TensorFlow Model Remediation is an open source toolkit that showcases solutions to help mitigate unfair bias in Machine Learning models. The toolkit offers resources to build fairer models for everyone – in line with Google’s AI Principles. Today, we’re excited to announce a new technique within the TensorFlow Model Remediation Library called Counterfactual Logit Pairing (CLP) to address unintended bias in ML models.

ML models are prone to making incorrect predictions when a sensitive attribute in an input is removed or replaced, leading to unintended bias. For instance, the Perspective API, used to identify offensive or toxic text in comments, revealed a positive correlation between identity terms referencing race or sexual orientation and the predicted toxicity score. For instance, the phrase “I am a lesbian” received a toxicity score of 0.51, while “I am a man” received a lower toxicity score of 0.2. This correlation resulted in higher toxicity scores for some identity terms, even when used non-pejoratively. For more information on the Perspective API, see the blog post on unintended bias and identity terms.

Counterfactual Logit Pairing (CLP) is a technique that addresses such issues to ensure that a model’s prediction doesn’t change when a sensitive attribute referenced in an example is either removed or replaced. It improves a model’s robustness to such perturbations, and can positively influence a model’s stability, fairness, and safety.

CLP mitigates such counterfactual fairness issues at training time. It does so by adding an additional loss to the model’s training loss, which penalizes the difference in the model’s outputs between training examples and their counterfactuals.

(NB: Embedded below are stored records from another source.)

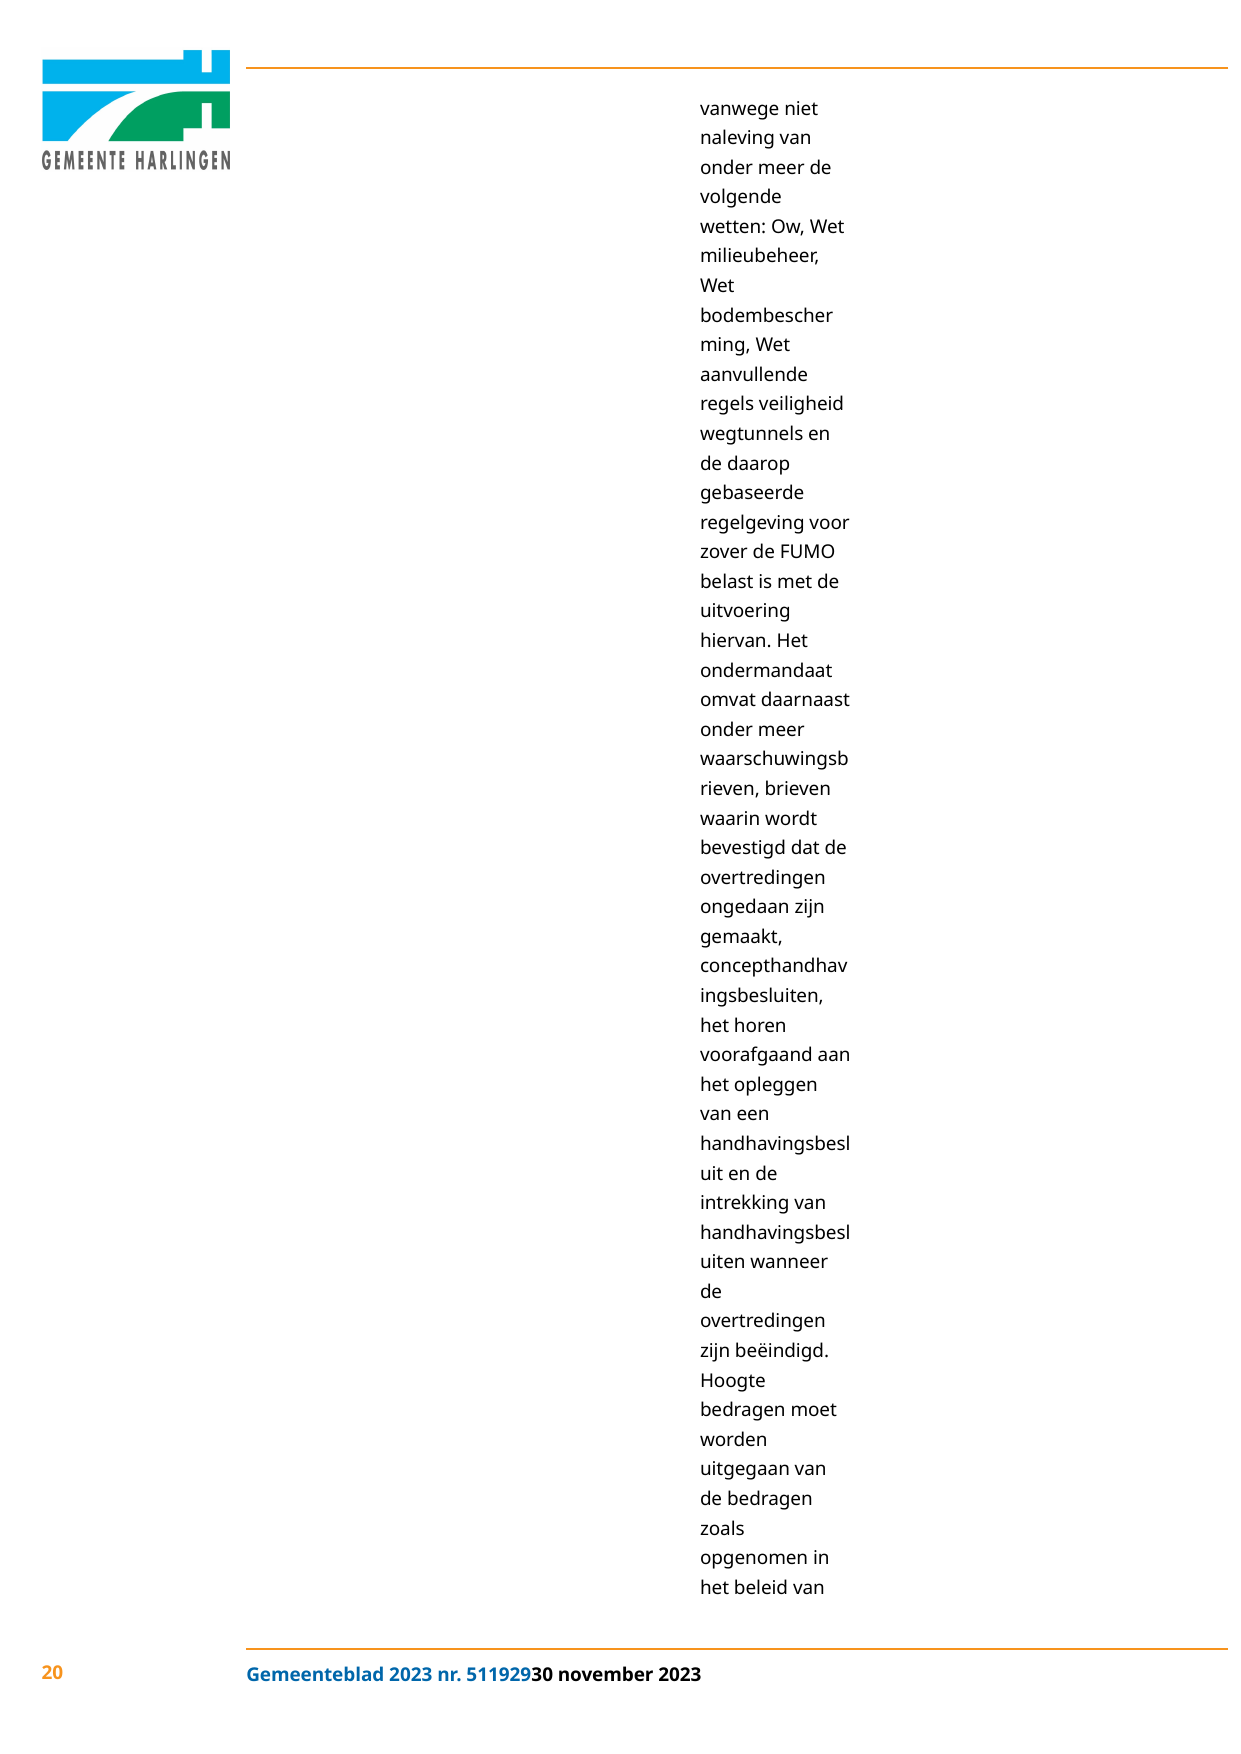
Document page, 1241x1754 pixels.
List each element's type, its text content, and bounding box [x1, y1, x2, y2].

picture [41, 47, 231, 172]
table_cell vanwege niet naleving van onder meer de volgende wetten: Ow, Wet milieubeheer, Wet bodembescherming, Wet aanvullende regels veiligheid wegtunnels en de daarop gebaseerde regelgeving voor zover de FUMO belast is met de uitvoering hiervan. Het ondermandaat omvat daarnaast onder meer waarschuwingsbrieven, brieven waarin wordt bevestigd dat de overtredingen ongedaan zijn gemaakt, concepthandhavingsbesluiten, het horen voorafgaand aan het opleggen van een handhavingsbesluit en de intrekking van handhavingsbesluiten wanneer de overtredingen zijn beëindigd. Hoogte bedragen moet worden uitgegaan van de bedragen zoals opgenomen in het beleid van [700, 95, 850, 1600]
table_cell [248, 95, 398, 1600]
table_cell [850, 95, 1152, 1600]
table_cell [549, 95, 700, 1600]
table_cell [399, 95, 549, 1600]

Another advantage of using CLP is that you can use this even on unlabelled data. As long as the model treats the counterfactual examples similarly you can validate that your model is adhering to counterfactual fairness.

For an in-depth discussion on this topic, see research on counterfactual fairness, adversarial logit pairing, and counterfactual logit pairing.

Counterfactual Logit Pairing Walkthrough:

The CLP with Keras codelab provides an end-to-end example. In this overview, we’ll emphasize key points from the notebook, while providing additional context.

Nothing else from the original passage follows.